- **PROBLEM TO SOLVE**:
Find the line containing "dimension line sits" in the entries below. Restate it and each line after it, word for word, up to and including the line containing "for base, p1, p2, dimstyle, picture, middle".

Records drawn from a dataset
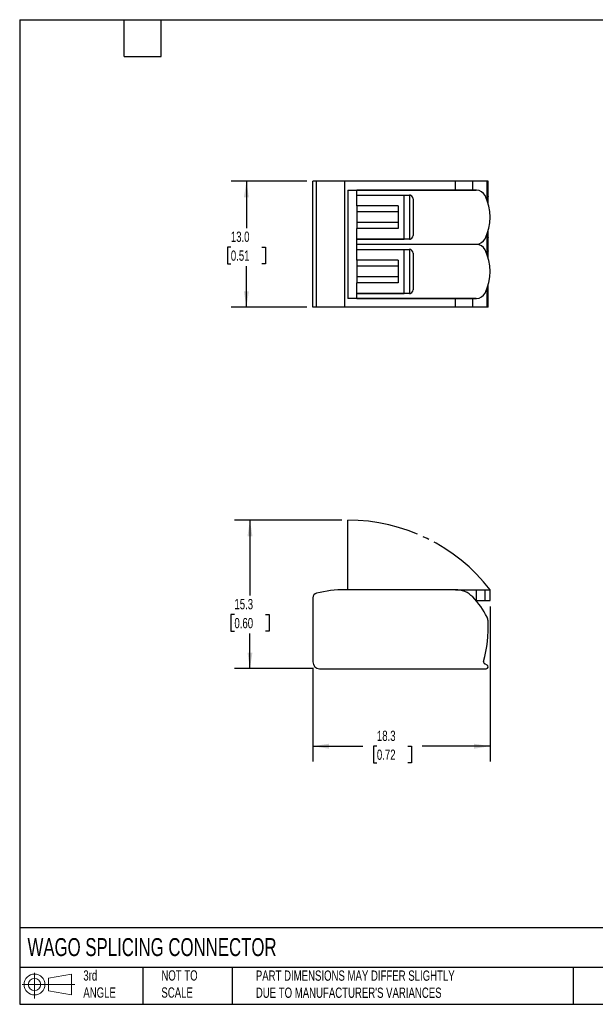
# Model space of a CAD drawing. Header units: millimetres. Extents: x 3 to 137, y 3 to 105.
# Tile 1 of 3: x 3 to 63, y 3 to 105. Entities that reach past the tile are written whole.
import ezdxf

# ---------------------------------------------------------------- set-up
doc = ezdxf.new("R2010")
doc.units = ezdxf.units.MM
doc.header["$LTSCALE"] = 0.5
doc.linetypes.add('SLD-Center', pattern=[19.05, 15.24, -1.27, 1.27, -1.27])
doc.linetypes.add('SLD-Solid', pattern=[0])
doc.layers.add('CENTER', color=40, linetype='SLD-Center')
doc.layers.add('SLD-DEFPOINTS', color=7, linetype='Continuous')
doc.layers.add('DIMENSIONS', color=140, linetype='SLD-Solid', lineweight=25)
doc.layers.add('TEXT', color=140, linetype='SLD-Solid', lineweight=25)
doc.styles.add('SLDTEXTSTYLE0', font='TXT', dxfattribs={"width": 0.7})
doc.dimstyles.new('SLDDIMSTYLE0', dxfattribs={"dimtxt": 1.079004, "dimasz": 1.651, "dimexe": 0, "dimexo": 0.0625, "dimgap": 0.269751, "dimtad": 0, "dimtih": 1, "dimtoh": 1, "dimrnd": 1e-09, "dimzin": 12, "dimdsep": 46, "dimtxsty": 'SLDTEXTSTYLE0', "dimsah": 1, "dimcen": 0.09, "dimadec": 0, "dimazin": 3, "dimtfac": 1, "dimtofl": 0, "dimtmove": 0, "dimatfit": 3, "dimfxl": 0, "dimfrac": 2, "dimtolj": 1, "dimtzin": 12, "dimarcsym": 0})
doc.dimstyles.new('SLDDIMSTYLE2', dxfattribs={"dimtxt": 1.079004, "dimasz": 1.651, "dimexe": 0, "dimexo": 0.0625, "dimgap": 0.269751, "dimtad": 0, "dimtih": 1, "dimtoh": 1, "dimrnd": 1e-09, "dimzin": 4, "dimdsep": 46, "dimtxsty": 'SLDTEXTSTYLE0', "dimsah": 1, "dimcen": 0.09, "dimadec": 0, "dimazin": 1, "dimtfac": 1, "dimtofl": 0, "dimtmove": 0, "dimatfit": 3, "dimfxl": 0, "dimfrac": 2, "dimtolj": 1, "dimtzin": 12, "dimarcsym": 0})

# ---------------------------------------------------------------- blocks, each defined once
blk = doc.blocks.new('Block11')
at = {"color": 7, "linetype": 'SLD-Solid', "lineweight": 18}
for p, q in [((1.29, 2.66), (1.29, 0)), ((2.74, 2.08), (5.09, 2.52)), ((2.74, 0.8), (2.74, 2.08)), ((5.09, 2.52), (5.09, 0.37)), ((0, 1.44), (5.44, 1.44)), ((2.74, 0.8), (5.09, 0.37))]:
    blk.add_line(p, q, dxfattribs=at)
for radius in [1.08, 0.643]:
    blk.add_circle((1.29, 1.44), radius, dxfattribs=at)
blk = doc.blocks.new('Block12')
at = {"layer": 'SLD-DEFPOINTS'}
blk.add_blockref('Block11', (0, 0), dxfattribs=at)
blk = doc.blocks.new('_D')
at = {"layer": 'DIMENSIONS'}
for p, q in [((36.43, 53.14), (25.37, 53.14)), ((26.95, 53.14), (26.95, 45.35)), ((25.35, 43.39), (24.99, 43.39)), ((24.99, 43.39), (24.99, 41.68)), ((28.56, 43.39), (28.92, 43.39)), ((28.92, 43.39), (28.92, 41.68)), ((24.99, 41.68), (25.35, 41.68)), ((28.92, 41.68), (28.56, 41.68)), ((26.95, 37.81), (26.95, 41.44)), ((33.51, 37.81), (25.37, 37.81))]:
    blk.add_line(p, q, dxfattribs=at)
for points in [[(26.95, 53.14), (26.7, 51.48), (27.21, 51.48)], [(26.95, 37.81), (27.21, 39.46), (26.7, 39.46)]]:
    blk.add_solid(points, dxfattribs=at)
at = {"layer": 'DIMENSIONS', "char_height": 1.058, "attachment_point": 1, "style": 'SLDTEXTSTYLE0'}
for s, insert in [('15.3', (25.35, 45)), ('0.60', (25.35, 43.04))]:
    blk.add_mtext(s, dxfattribs=dict(at, insert=insert))
blk = doc.blocks.new('_D_1')
at = {"layer": 'DIMENSIONS'}
for p, q in [((51.75, 44.22), (51.75, 28.22)), ((33.45, 37.87), (33.45, 28.22)), ((33.45, 29.81), (38.6, 29.81)), ((40.06, 29.81), (39.7, 29.81)), ((39.7, 29.81), (39.7, 28.09)), ((43.26, 29.81), (43.63, 29.81)), ((43.63, 29.81), (43.63, 28.09)), ((51.75, 29.81), (44.73, 29.81)), ((39.7, 28.09), (40.06, 28.09)), ((43.63, 28.09), (43.26, 28.09))]:
    blk.add_line(p, q, dxfattribs=at)
for points in [[(33.45, 29.81), (35.1, 29.55), (35.1, 30.06)], [(51.75, 29.81), (50.1, 30.06), (50.1, 29.55)]]:
    blk.add_solid(points, dxfattribs=at)
at = {"layer": 'DIMENSIONS', "char_height": 1.058, "attachment_point": 1, "style": 'SLDTEXTSTYLE0'}
for s, insert in [('18.3', (40.06, 31.41)), ('0.72', (40.06, 29.46))]:
    blk.add_mtext(s, dxfattribs=dict(at, insert=insert))
blk = doc.blocks.new('_D_3')
at = {"layer": 'DIMENSIONS'}
for p, q in [((32.81, 88.1), (25, 88.1)), ((26.59, 88.1), (26.59, 83.26)), ((24.98, 81.31), (24.62, 81.31)), ((24.62, 81.31), (24.62, 79.59)), ((28.19, 81.31), (28.55, 81.31)), ((28.55, 81.31), (28.55, 79.59)), ((24.62, 79.59), (24.98, 79.59)), ((26.59, 75.1), (26.59, 79.35)), ((28.55, 79.59), (28.19, 79.59)), ((32.81, 75.1), (25, 75.1))]:
    blk.add_line(p, q, dxfattribs=at)
for points in [[(26.59, 88.1), (26.33, 86.45), (26.84, 86.45)], [(26.59, 75.1), (26.84, 76.75), (26.33, 76.75)]]:
    blk.add_solid(points, dxfattribs=at)
at = {"layer": 'DIMENSIONS', "char_height": 1.058, "attachment_point": 1, "style": 'SLDTEXTSTYLE0'}
for s, insert in [('13.0', (24.98, 82.91)), ('0.51', (24.98, 80.96))]:
    blk.add_mtext(s, dxfattribs=dict(at, insert=insert))

msp = doc.modelspace()

# ---------------------------------------------------------------- linework, layer by layer
for p, q in [((33.448, 75.097), (33.448, 88.097)), ((33.826, 88.097), (33.448, 88.097)), ((33.826, 75.097), (33.826, 88.097)), ((36.748, 88.097), (33.826, 88.097)), ((36.748, 75.097), (36.748, 88.097)), ((48.175, 88.097), (36.748, 88.097)), ((49.961, 88.097), (48.175, 88.097)), ((48.175, 87.197), (48.175, 88.097)), ((49.961, 87.197), (49.961, 88.097)), ((51.433, 88.097), (49.961, 88.097)), ((51.534, 88.097), (51.433, 88.097)), ((51.433, 86.143), (51.433, 88.097)), ((51.534, 86.515), (51.534, 88.097)), ((51.548, 88.097), (51.534, 88.097)), ((51.548, 87.11), (51.548, 88.097)), ((37.068, 87.197), (48.175, 87.197)), ((37.068, 87.197), (37.068, 75.997)), ((37.998, 86.677), (37.998, 87.177)), ((50.33, 87.177), (37.998, 87.177)), ((37.998, 86.677), (43.398, 86.677)), ((37.998, 85.557), (37.998, 86.657)), ((37.998, 86.657), (42.868, 86.657)), ((42.868, 82.137), (42.868, 86.657)), ((42.868, 86.657), (43.47, 86.657)), ((43.47, 82.137), (43.47, 86.657)), ((43.523, 86.657), (43.47, 86.657)), ((48.175, 87.197), (49.961, 87.197)), ((49.961, 87.197), (50.327, 87.197)), ((50.327, 87.197), (50.327, 87.177)), ((51.548, 85.797), (51.548, 87.11)), ((42.268, 85.557), (37.998, 85.557)), ((37.998, 85.557), (37.998, 84.957)), ((42.268, 85.557), (42.268, 83.237)), ((43.798, 86.277), (43.798, 82.517)), ((51.529, 85.858), (51.529, 86.247)), ((51.529, 86.247), (51.529, 86.247)), ((51.531, 85.853), (51.531, 86.247)), ((42.268, 84.957), (37.998, 84.957)), ((37.998, 84.957), (37.998, 83.837)), ((42.268, 83.837), (37.998, 83.837)), ((37.998, 83.837), (37.998, 83.237)), ((42.268, 83.237), (37.998, 83.237)), ((37.998, 82.137), (37.998, 83.237)), ((51.433, 80.543), (51.433, 82.651)), ((51.529, 82.547), (51.529, 82.936)), ((51.529, 82.547), (51.529, 82.547)), ((51.531, 82.547), (51.531, 82.941)), ((51.548, 81.682), (51.548, 82.997)), ((37.998, 82.137), (42.868, 82.137)), ((37.998, 81.617), (37.998, 82.117)), ((43.398, 82.117), (37.998, 82.117)), ((37.998, 81.617), (50.33, 81.617)), ((50.33, 81.577), (37.998, 81.577)), ((37.998, 81.077), (37.998, 81.577)), ((43.47, 82.137), (42.868, 82.137)), ((43.47, 82.137), (43.523, 82.137)), ((50.327, 81.617), (50.327, 81.577)), ((51.534, 80.915), (51.534, 82.279)), ((51.547, 81.503), (51.548, 81.511)), ((51.548, 81.511), (51.548, 81.682)), ((51.548, 80.197), (51.548, 81.511)), ((37.998, 81.077), (43.398, 81.077)), ((37.998, 79.957), (37.998, 81.057)), ((37.998, 81.057), (42.868, 81.057)), ((42.868, 76.537), (42.868, 81.057)), ((42.868, 81.057), (43.47, 81.057)), ((43.47, 76.537), (43.47, 81.057)), ((43.523, 81.057), (43.47, 81.057)), ((43.798, 80.677), (43.798, 76.917)), ((51.529, 80.258), (51.529, 80.647)), ((51.529, 80.647), (51.529, 80.647)), ((51.531, 80.253), (51.531, 80.647)), ((42.268, 79.957), (37.998, 79.957)), ((37.998, 79.957), (37.998, 79.357)), ((42.268, 79.357), (37.998, 79.357)), ((37.998, 79.357), (37.998, 78.237)), ((42.268, 79.957), (42.268, 77.637)), ((42.268, 78.237), (37.998, 78.237)), ((37.998, 78.237), (37.998, 77.637)), ((42.268, 77.637), (37.998, 77.637)), ((37.998, 76.537), (37.998, 77.637)), ((51.529, 76.947), (51.529, 77.336)), ((51.531, 76.947), (51.531, 77.341)), ((51.548, 76.083), (51.548, 77.397)), ((37.998, 76.537), (42.868, 76.537)), ((37.998, 76.017), (37.998, 76.517)), ((43.398, 76.517), (37.998, 76.517)), ((43.47, 76.537), (42.868, 76.537)), ((43.47, 76.537), (43.523, 76.537)), ((51.433, 75.097), (51.433, 77.051)), ((51.529, 76.947), (51.529, 76.947)), ((51.534, 75.097), (51.534, 76.679)), ((48.175, 75.997), (37.068, 75.997)), ((37.998, 76.017), (50.33, 76.017)), ((48.175, 75.097), (48.175, 75.997)), ((49.961, 75.997), (48.175, 75.997)), ((49.961, 75.097), (49.961, 75.997)), ((50.327, 75.997), (49.961, 75.997)), ((50.327, 76.017), (50.327, 75.997)), ((51.548, 75.097), (51.548, 76.083)), ((33.826, 75.097), (33.448, 75.097)), ((36.748, 75.097), (33.826, 75.097)), ((48.175, 75.097), (36.748, 75.097)), ((49.961, 75.097), (48.175, 75.097)), ((51.433, 75.097), (49.961, 75.097)), ((51.534, 75.097), (51.433, 75.097)), ((51.548, 75.097), (51.534, 75.097)), ((48.175, 45.956), (36.748, 45.956)), ((48.175, 45.956), (50.33, 45.956)), ((50.33, 44.856), (50.33, 45.956)), ((50.33, 45.956), (51.225, 45.956)), ((51.225, 44.856), (51.225, 45.956)), ((51.225, 45.956), (51.748, 45.956)), ((51.748, 44.856), (51.748, 45.956)), ((33.448, 45.11), (33.448, 38.506)), ((50.284, 44.856), (50.33, 44.856)), ((50.33, 44.856), (51.225, 44.856)), ((51.225, 44.856), (51.748, 44.856)), ((34.148, 37.806), (51.348, 37.806)), ((51.432, 38.187), (51.189, 38.3))]:
    msp.add_line(p, q)
for centre, radius, start, end in [((43.398, 86.277), 0.4, 360, 90), ((50.33, 86.177), 1, 26.42334, 90), ((46.748, 84.397), 5, 333.57666, 26.42334), ((43.398, 82.517), 0.4, 270, 0), ((50.33, 82.617), 1, 270, 333.57666), ((50.33, 80.577), 1, 26.42334, 90), ((43.398, 80.677), 0.4, 360, 90), ((46.748, 78.797), 5, 333.57666, 26.42334), ((43.398, 76.917), 0.4, 270, 0), ((50.33, 77.017), 1, 270, 333.57666), ((36.748, 33.956), 12, 90, 104.09192), ((48.175, 43.456), 2.5, 44.427, 90), ((33.948, 45.11), 0.5, 104.09192, 180), ((44.248, 39.606), 8, 26.084, 44.427), ((37.648, 42.106), 13.9, 345.10552, 2.56726), ((50.535, 42.684), 1, 2.56725, 26.084), ((34.148, 38.506), 0.7, 180, 270), ((51.274, 38.482), 0.2, 165.10552, 245), ((51.348, 38.006), 0.2, 270, 65)]:
    msp.add_arc(centre, radius, start, end)
for points, knots in [([(51.528, 86.247), (51.528, 86.289), (51.529, 86.374), (51.529, 86.455), (51.529, 86.495)], [0, 0, 0, 0, 0.4930815, 1, 1, 1, 1]), ([(51.529, 86.495), (51.53, 86.558), (51.533, 86.685), (51.539, 86.854), (51.546, 87.004), (51.547, 87.073), (51.548, 87.108)], [0, 0, 0, 0, 0.2369893, 0.4808156, 0.7343462, 1, 1, 1, 1]), ([(51.529, 86.247), (51.529, 86.264), (51.53, 86.305), (51.53, 86.37), (51.532, 86.443), (51.533, 86.491), (51.534, 86.515)], [0, 0, 0, 0, 0.18786, 0.4366094, 0.7167465, 1, 1, 1, 1]), ([(51.534, 86.515), (51.534, 86.509), (51.535, 86.502), (51.529, 86.496), (51.529, 86.495)], [0, 0, 0, 0, 0.9116273, 1, 1, 1, 1]), ([(51.534, 86.515), (51.535, 86.588), (51.537, 86.698), (51.54, 86.824), (51.543, 86.913), (51.545, 86.993), (51.547, 87.064), (51.547, 87.095), (51.548, 87.11)], [0, 0, 0, 0, 0.2613511, 0.3926236, 0.5269647, 0.6703094, 0.8303534, 1, 1, 1, 1]), ([(51.529, 82.299), (51.529, 82.339), (51.529, 82.42), (51.528, 82.505), (51.528, 82.547)], [0, 0, 0, 0, 0.5069188, 1, 1, 1, 1]), ([(51.534, 82.279), (51.533, 82.3), (51.532, 82.343), (51.531, 82.409), (51.53, 82.466), (51.529, 82.512), (51.529, 82.535), (51.529, 82.547)], [0, 0, 0, 0, 0.2499035, 0.4986049, 0.7478891, 0.8734552, 1, 1, 1, 1]), ([(51.548, 81.686), (51.547, 81.717), (51.546, 81.777), (51.541, 81.925), (51.535, 82.099), (51.531, 82.233), (51.529, 82.299)], [0, 0, 0, 0, 0.2589386, 0.5119958, 0.7588593, 1, 1, 1, 1]), ([(51.529, 82.299), (51.529, 82.298), (51.535, 82.292), (51.534, 82.285), (51.534, 82.279)], [0, 0, 0, 0, 0.0884189, 1, 1, 1, 1]), ([(51.529, 80.895), (51.53, 80.958), (51.533, 81.085), (51.539, 81.254), (51.546, 81.404), (51.547, 81.473), (51.548, 81.508)], [0, 0, 0, 0, 0.2369893, 0.4808156, 0.7343462, 1, 1, 1, 1]), ([(51.548, 81.682), (51.548, 81.684), (51.548, 81.701), (51.547, 81.74), (51.545, 81.814), (51.542, 81.894), (51.54, 81.981), (51.537, 82.105), (51.535, 82.21), (51.534, 82.279)], [0, 0, 0, 0, 0.0229699, 0.2020091, 0.3525979, 0.4927418, 0.624828, 0.751848, 1, 1, 1, 1]), ([(51.534, 80.915), (51.535, 80.988), (51.537, 81.098), (51.54, 81.223), (51.543, 81.312), (51.545, 81.392), (51.547, 81.461), (51.547, 81.489), (51.547, 81.503)], [0, 0, 0, 0, 0.2676561, 0.4020909, 0.5396557, 0.6864119, 0.8502432, 1, 1, 1, 1]), ([(51.528, 80.647), (51.528, 80.689), (51.529, 80.774), (51.529, 80.855), (51.529, 80.895)], [0, 0, 0, 0, 0.4930815, 1, 1, 1, 1]), ([(51.529, 80.647), (51.529, 80.664), (51.53, 80.705), (51.53, 80.77), (51.532, 80.843), (51.533, 80.891), (51.534, 80.915)], [0, 0, 0, 0, 0.18786004, 0.43660942, 0.71674652, 1, 1, 1, 1]), ([(51.534, 80.915), (51.534, 80.909), (51.535, 80.902), (51.529, 80.896), (51.529, 80.895)], [0, 0, 0, 0, 0.9116273, 1, 1, 1, 1]), ([(51.529, 76.699), (51.529, 76.739), (51.529, 76.82), (51.528, 76.905), (51.528, 76.947)], [0, 0, 0, 0, 0.5069188, 1, 1, 1, 1]), ([(51.534, 76.679), (51.533, 76.7), (51.532, 76.743), (51.531, 76.809), (51.53, 76.866), (51.529, 76.912), (51.529, 76.935), (51.529, 76.947)], [0, 0, 0, 0, 0.2499035, 0.4986049, 0.7478891, 0.8734552, 1, 1, 1, 1]), ([(51.548, 76.086), (51.547, 76.117), (51.546, 76.177), (51.541, 76.325), (51.535, 76.499), (51.531, 76.633), (51.529, 76.699)], [0, 0, 0, 0, 0.2589386, 0.5119958, 0.7588593, 1, 1, 1, 1]), ([(51.529, 76.699), (51.529, 76.698), (51.535, 76.692), (51.534, 76.685), (51.534, 76.679)], [0, 0, 0, 0, 0.0884189, 1, 1, 1, 1]), ([(51.548, 76.083), (51.548, 76.086), (51.548, 76.094), (51.547, 76.11), (51.547, 76.144), (51.545, 76.196), (51.543, 76.277), (51.54, 76.365), (51.537, 76.494), (51.535, 76.605), (51.534, 76.679)], [0, 0, 0, 0, 0.0351915, 0.100311, 0.1633173, 0.3198239, 0.4630141, 0.6006599, 0.7355572, 1, 1, 1, 1])]:
    msp.add_open_spline(points, degree=3, knots=knots)
at = {"layer": 'CENTER', "linetype": 'SLD-Center'}
msp.add_line((37.068, 45.956), (37.068, 53.136), dxfattribs=at)
msp.add_arc((37.068, 34.539), 18.597, 37.87341, 90, dxfattribs=at)
at = {"layer": 'TEXT'}
for p, q in [((3.175, 104.775), (136.525, 104.775)), ((3.175, 104.775), (3.175, 3.175)), ((13.97, 100.965), (13.97, 104.775)), ((17.78, 100.965), (17.78, 104.775)), ((13.97, 100.965), (17.78, 100.965)), ((136.525, 11.063), (3.175, 11.063)), ((136.525, 6.985), (3.175, 6.985)), ((15.875, 6.985), (15.875, 3.175)), ((25.106, 6.985), (25.106, 3.175)), ((60.323, 6.985), (60.323, 3.175)), ((3.175, 3.175), (136.525, 3.175))]:
    msp.add_line(p, q, dxfattribs=at)

# ---------------------------------------------------------------- block references
at = {"layer": 'SLD-DEFPOINTS'}
msp.add_blockref('Block12', (3.419, 3.777), dxfattribs=at)

# ---------------------------------------------------------------- texts
at = {"layer": 'TEXT', "attachment_point": 1, "style": 'SLDTEXTSTYLE0'}
for s, insert, char_height in [('WAGO SPLICING CONNECTOR', (3.983, 10.005), 1.85208), ('3rd^JANGLE', (9.748, 6.684), 1.0583), ('NOT TO^JSCALE', (17.808, 6.684), 1.05833), ("PART DIMENSIONS MAY DIFFER SLIGHTLY ^JDUE TO MANUFACTURER'S VARIANCES", (27.56, 6.665), 1.05833)]:
    msp.add_mtext(s, dxfattribs=dict(at, insert=insert, char_height=char_height))

# ---------------------------------------------------------------- dimensions: what is measured, and where the dimension line sits
at = {"layer": 'DIMENSIONS'}
for base, p1, p2, dimstyle, picture, middle in [((26.585, 75.097), (33.448, 88.097), (33.448, 75.097), 'SLDDIMSTYLE2', '_D_3', (26.585, 81.307)), ((26.954, 37.806), (37.068, 53.136), (34.148, 37.806), 'SLDDIMSTYLE0', '_D', (26.954, 43.395))]:
    dim = msp.add_linear_dim(base=base, p1=p1, p2=p2, angle=90, dimstyle=dimstyle, dxfattribs=at)
    dim.commit()
    dim.dimension.update_dxf_attribs({"geometry": picture, "text_midpoint": middle, "dimtype": 160})
dim = msp.add_linear_dim(base=(51.748, 29.806), p1=(33.448, 38.506), p2=(51.748, 44.856), dimstyle='SLDDIMSTYLE0', dxfattribs=at)
dim.commit()
dim.dimension.update_dxf_attribs({"geometry": '_D_1', "text_midpoint": (41.661, 29.806), "dimtype": 160})

doc.saveas('drawing.dxf')

- **REPLY**:
# ---------------------------------------------------------------- dimensions: what is measured, and where the dimension line sits
at = {"layer": 'DIMENSIONS'}
for base, p1, p2, dimstyle, picture, middle in [((26.585, 75.097), (33.448, 88.097), (33.448, 75.097), 'SLDDIMSTYLE2', '_D_3', (26.585, 81.307)), ((26.954, 37.806), (37.068, 53.136), (34.148, 37.806), 'SLDDIMSTYLE0', '_D', (26.954, 43.395))]:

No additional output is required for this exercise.